5. Phase 3: Runtime Decision Engine

The runtime engine executes compiled functions with zero LLM dependency. It traverses the function DAG, collects an audit trail, and returns deterministic decisions.

import time
from dataclasses import dataclass, field
from typing import Any

@dataclass
class ExecutionContext:
    input_data: dict
    decisions: list[Decision] = field(default_factory=list)
    audit_trail: list[str] = field(default_factory=list)
    execution_time_ms: float = 0.0
    nodes_evaluated: int = 0

class DecisionEngine:
    """Zero-LLM runtime decision engine."""

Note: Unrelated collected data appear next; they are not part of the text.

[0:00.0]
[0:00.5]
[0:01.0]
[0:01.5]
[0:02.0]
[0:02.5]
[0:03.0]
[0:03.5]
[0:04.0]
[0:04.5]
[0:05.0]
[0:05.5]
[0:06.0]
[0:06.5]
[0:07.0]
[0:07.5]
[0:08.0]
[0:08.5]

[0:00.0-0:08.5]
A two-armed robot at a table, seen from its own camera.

    def __init__(self, function_registry: dict[str, callable]):
        self.functions = function_registry
        self.root = function_registry.get("__root__")

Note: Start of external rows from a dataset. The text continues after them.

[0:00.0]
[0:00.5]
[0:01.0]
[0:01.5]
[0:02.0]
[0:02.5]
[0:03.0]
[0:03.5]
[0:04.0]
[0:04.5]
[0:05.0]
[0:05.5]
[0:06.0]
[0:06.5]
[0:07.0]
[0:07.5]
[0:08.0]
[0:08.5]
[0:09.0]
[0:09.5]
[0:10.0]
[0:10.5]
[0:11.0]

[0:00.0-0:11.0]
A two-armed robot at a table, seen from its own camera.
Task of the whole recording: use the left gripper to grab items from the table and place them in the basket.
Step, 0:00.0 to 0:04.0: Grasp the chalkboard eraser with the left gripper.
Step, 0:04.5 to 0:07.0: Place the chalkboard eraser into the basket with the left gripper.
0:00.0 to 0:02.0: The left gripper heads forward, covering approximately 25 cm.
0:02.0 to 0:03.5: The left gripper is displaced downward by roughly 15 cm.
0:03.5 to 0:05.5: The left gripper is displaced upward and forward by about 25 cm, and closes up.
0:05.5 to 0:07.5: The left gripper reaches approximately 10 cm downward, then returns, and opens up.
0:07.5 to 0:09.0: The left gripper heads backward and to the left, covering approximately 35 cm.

    def decide(self, input_data: dict) -> ExecutionContext:
        """Execute the decision graph on input data."""
        ctx = ExecutionContext(input_data=input_data)
        start = time.perf_counter()

        # Validate input
        self._validate_input(input_data)

        # Execute root decision function
        decision = self.root(input_data)
        ctx.decisions.append(decision)
        ctx.audit_trail = decision.audit_trail

        ctx.execution_time_ms = (time.perf_counter() - start) * 1000
        return ctx

    def decide_batch(self, inputs: list[dict]) -> list[ExecutionContext]:
        """Batch execution for high-throughput scenarios."""
        return [self.decide(data) for data in inputs]

    def explain(self, ctx: ExecutionContext) -> str:
        """Generate human-readable explanation of a decision."""
        decision = ctx.decisions[0] if ctx.decisions else None
        if not decision:
            return "No decision was made."

        lines = [
            f"Decision: {decision.action.upper()}",
            f"Reason: {decision.reason}",
            f"Confidence: {decision.confidence:.0%}",
            f"Execution time: {ctx.execution_time_ms:.2f}ms",
            f"",
            f"Audit Trail:",
        ]
        for i, step in enumerate(decision.audit_trail, 1):
            lines.append(f"  {i}. {step}")

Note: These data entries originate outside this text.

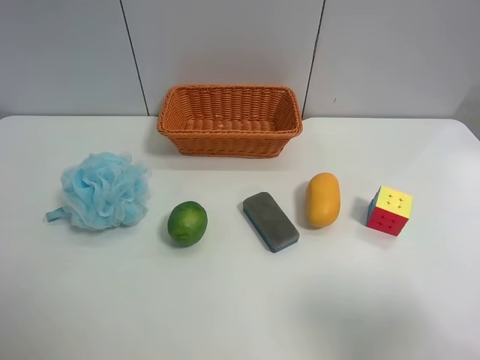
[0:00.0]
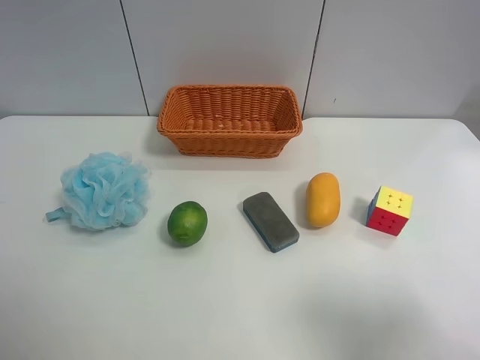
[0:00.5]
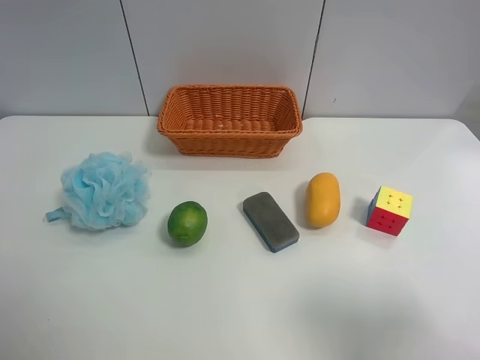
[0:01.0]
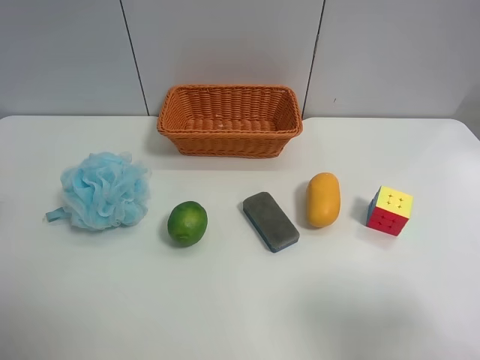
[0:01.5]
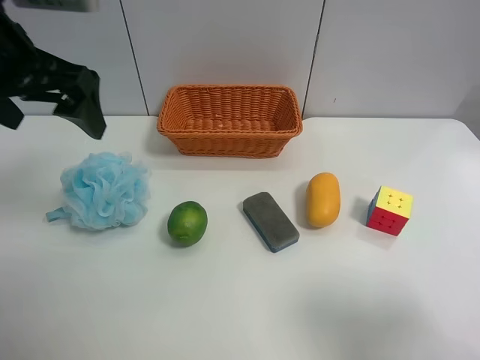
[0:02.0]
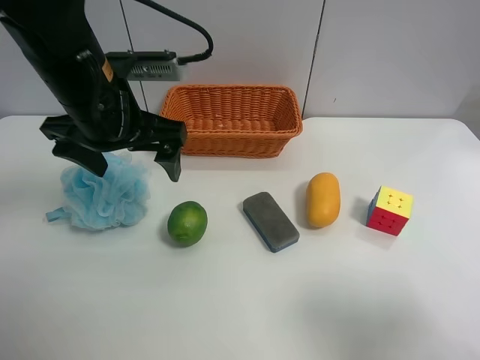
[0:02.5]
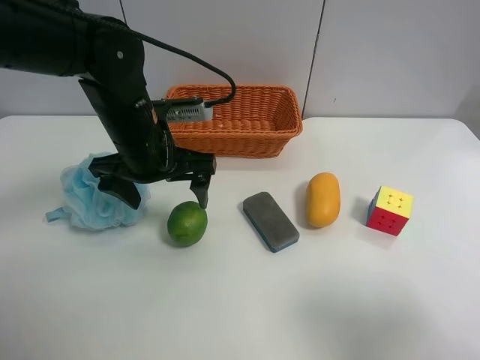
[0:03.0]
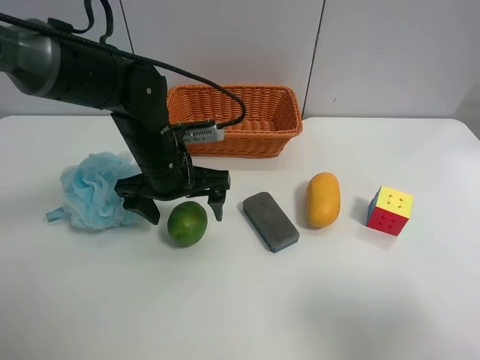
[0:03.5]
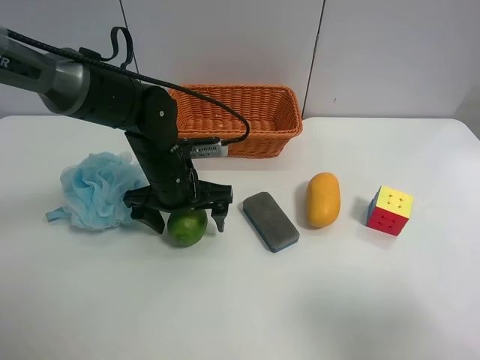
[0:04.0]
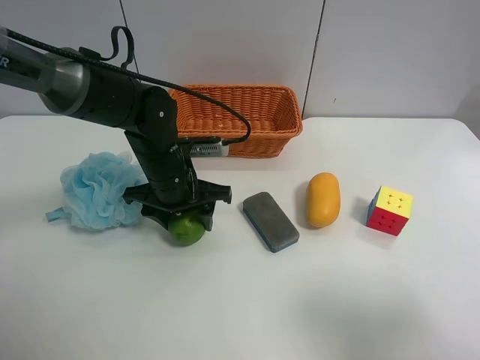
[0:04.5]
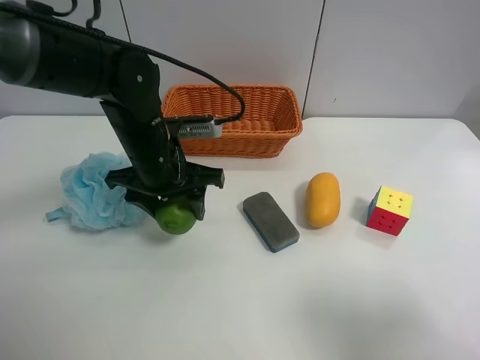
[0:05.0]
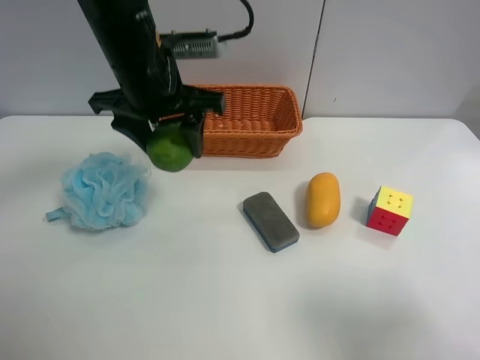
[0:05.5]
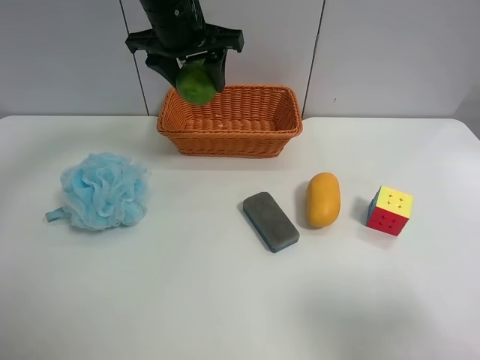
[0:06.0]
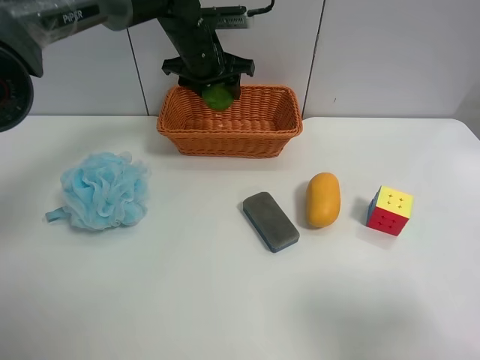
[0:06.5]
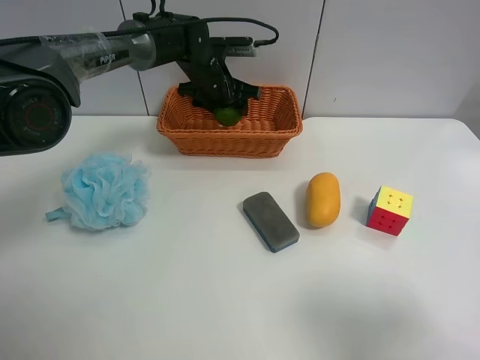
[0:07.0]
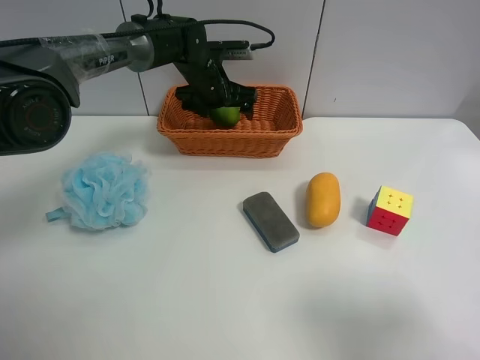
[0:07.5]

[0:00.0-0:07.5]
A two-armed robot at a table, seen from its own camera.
Task of the whole recording: use the left gripper to grab items from the table and place them in the basket.
Step, 0:00.0 to 0:04.0: Grasp the apple rubber puff with the left gripper.
Step, 0:04.5 to 0:07.0: Place the apple rubber puff into the basket with the left gripper.
0:00.0 to 0:02.0: The left gripper travels forward and to the right by about 25 cm.
0:02.0 to 0:04.0: The left gripper shifts approximately 25 cm downward and to the right.
0:04.0 to 0:05.5: The left gripper shifts approximately 15 cm upward, and closes its fingers.
0:05.5 to 0:07.5: The left gripper travels forward and downward by some 20 cm, and opens up.

        return "\n".join(lines)

    def _validate_input(self, data: dict):
        """Validate input data has required fields."""
        # In production, validate against input schema
        if not isinstance(data, dict):
            raise ValueError("Input must be a dictionary")


# ============================================================
# EXAMPLE: Complete End-to-End Usage
# ============================================================

# Step 1: Build the KG (one-time, LLM-powered)
# extraction_engine = KGExtractionEngine(llm, embedder)
# nkg = extraction_engine.extract_from_documents(policy_documents)

# Step 2: Compile to functions (one-time, automated)
# compiler = DecisionFunctionCompiler()
# functions = compiler.compile(nkg)
# compiler.export_source("decisions/mri_approval.py")

# Step 3: Runtime execution (every time, no LLM needed)
engine = DecisionEngine(functions)

# Process a single claim
result = engine.decide({
    "diagnosis_code": "M54.5",          # Low back pain
    "procedure_code": "72148",          # MRI lumbar spine
    "provider_id": "NPI-1234567890",
    "patient_id": "PAT-98765",
    "policy_type": "PPO",
    "conservative_tx_weeks": 8,
    "is_emergency": False,
})

print(engine.explain(result))
# Decision: APPROVE
# Reason: All criteria met
# Confidence: 100%
# Execution time: 1.87ms
#
# Audit Trail:
#   1. Passed: Coverage check (M54.5 is covered)
#   2. Passed: Network check (provider in-network)
#   3. Passed: Step therapy (8 weeks >= 6 required)

# Batch processing: 50,000 claims
import time
batch = [generate_test_claim() for _ in range(50_000)]
start = time.time()
results = engine.decide_batch(batch)
elapsed = time.time() - start
print(f"Processed {len(batch)} claims in {elapsed:.2f}s")
print(f"Throughput: {len(batch)/elapsed:.0f} decisions/sec")
# Processed 50000 claims in 3.41s
# Throughput: 14,662 decisions/sec

6. Auto-Generated Test Suite

A critical feature of DecisionForge: it automatically generates unit tests from the knowledge graph. Every path through the graph becomes a test case, ensuring that compiled functions match the original business rules.

class TestGenerator:
    """Auto-generates test cases from the knowledge graph."""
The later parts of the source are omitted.